With pressure for a new treaty on European Union building, it gradually became clear that the Milan European Council of June 1985 would settle the question of whether such a treaty, a significant step forward for those who favoured greater integration, would come to pass. Under Community rules, a new treaty would require an Intergovernmental Conference (IGC) of the member states to frame and agree it. Euro-integrationists loved treaties because only they could be enshrined in the domestic law of every member state and thus enforced in the courts. Since Britain did not want such a treaty, it did not want an IGC. Mrs Thatcher preferred Community agreements and conventions which were not legally binding and did not turn up as tiresome Bills in the House of Commons.
Seeking to avoid the ‘isolation’ which, in the diplomatic mind, is always the worst result of any negotiation, the Foreign Office advised Mrs Thatcher to get in ahead of France and Germany and develop her own ideas for Milan, sharing them with Kohl in advance. The opportunity presented itself because, as Charles Powell put it to Mrs Thatcher, ‘You invited Chancellor Kohl (or to be more accurate agreed to his suggestion to be invited) to Chequers in May/June.’89 Possibly Kohl had his own anxieties about the meeting: he conveyed through Julian Bullard his wish that the menu should ‘not repeat not … include game or lamb (espec
ially with mint sauce)’.90* Powell set out for his boss the purpose of the occasion.

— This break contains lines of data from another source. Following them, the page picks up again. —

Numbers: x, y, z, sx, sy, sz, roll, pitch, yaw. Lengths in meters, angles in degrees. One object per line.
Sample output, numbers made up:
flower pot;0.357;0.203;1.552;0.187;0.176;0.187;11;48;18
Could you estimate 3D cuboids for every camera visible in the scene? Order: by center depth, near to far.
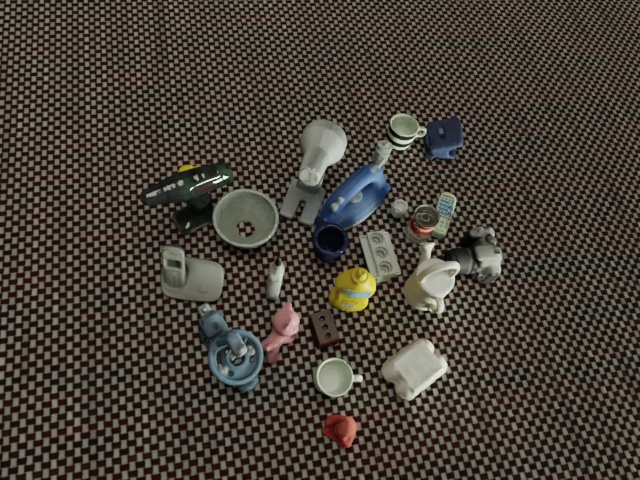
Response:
camera;0.399;0.035;1.504;0.137;0.101;0.143;-1;65;-10

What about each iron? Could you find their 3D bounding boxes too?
iron;0.081;-0.113;1.500;0.118;0.141;0.259;42;65;12

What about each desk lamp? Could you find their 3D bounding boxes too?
desk lamp;-0.017;-0.174;1.474;0.118;0.213;0.203;18;63;0

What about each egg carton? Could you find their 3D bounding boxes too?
egg carton;0.223;0.305;1.363;0.150;0.069;0.107;-33;73;-22

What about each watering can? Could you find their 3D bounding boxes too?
watering can;0.274;0.089;1.405;0.101;0.194;0.172;-26;71;-19

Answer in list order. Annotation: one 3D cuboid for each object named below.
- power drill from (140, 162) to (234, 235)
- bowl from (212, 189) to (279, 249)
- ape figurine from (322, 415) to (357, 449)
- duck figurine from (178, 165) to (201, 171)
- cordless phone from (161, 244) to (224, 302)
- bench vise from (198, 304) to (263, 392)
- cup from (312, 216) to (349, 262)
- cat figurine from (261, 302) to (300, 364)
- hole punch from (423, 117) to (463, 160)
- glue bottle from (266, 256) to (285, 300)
power drill;-0.317;-0.100;1.391;0.230;0.208;0.075;-30;72;-21
bowl;-0.189;-0.043;1.460;0.167;0.074;0.167;4;64;-7
ape figurine;0.050;0.420;1.267;0.076;0.092;0.077;-14;67;-15
duck figurine;-0.341;-0.164;1.487;0.077;0.086;0.105;37;65;9
cordless phone;-0.297;0.070;1.326;0.147;0.185;0.094;5;64;-7
bench vise;-0.211;0.228;1.245;0.207;0.219;0.122;36;64;9
cup;0.013;0.005;1.459;0.092;0.095;0.117;-25;71;-19
cat figurine;-0.092;0.213;1.329;0.067;0.118;0.128;34;64;8
hole punch;0.355;-0.296;1.662;0.101;0.091;0.108;1;64;-8
glue bottle;-0.104;0.079;1.360;0.037;0.173;0.078;8;63;-5
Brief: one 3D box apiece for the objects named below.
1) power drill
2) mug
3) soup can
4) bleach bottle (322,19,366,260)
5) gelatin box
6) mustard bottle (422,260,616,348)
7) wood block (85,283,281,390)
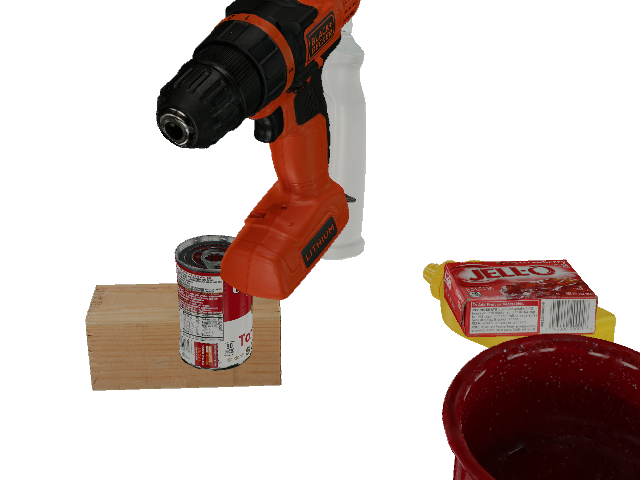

It was necessary to move towards ‘sensible conclusions’ on the future of the Community: ‘On the one hand we have to convince the Euro-enthusiasts if not the Euro-fanatics that Britain is prepared to move ahead. On the other hand we don’t want to succumb to the drivel about European union.’91 The agenda should therefore consist of the completion of the internal market, ‘no more powers for the European Parliament’, more majority voting (subject to the Luxembourg Compromise being formalised),* and formalizing the existing arrangements for political co-operation (‘PoCo’), which meant a closer approximation to a common foreign policy. Mrs Thatcher had always been in favour of PoCo, because of her belief that Europe should speak up for Western ideas with a stronger voice in the Cold War. Powell attached a draft on PoCo and explained, in a phrase which might have made Kohl, with his hostility to lamb and mint sauce, queasy, ‘It does not restrict our national independence of action. In short, it is dressing up mutton to look like lamb.’ ‘The experts will not be convinced,’ Powell went on, ‘but I think you could sell it politically to Chancellor Kohl and to wider Community opinion as a British initiative, stake out a strong position, and make it impossible for others to put us in the dock as being a back marker on European union.’92 ‘Yes,’ wrote Mrs Thatcher, ‘it seems fairly reasonable.’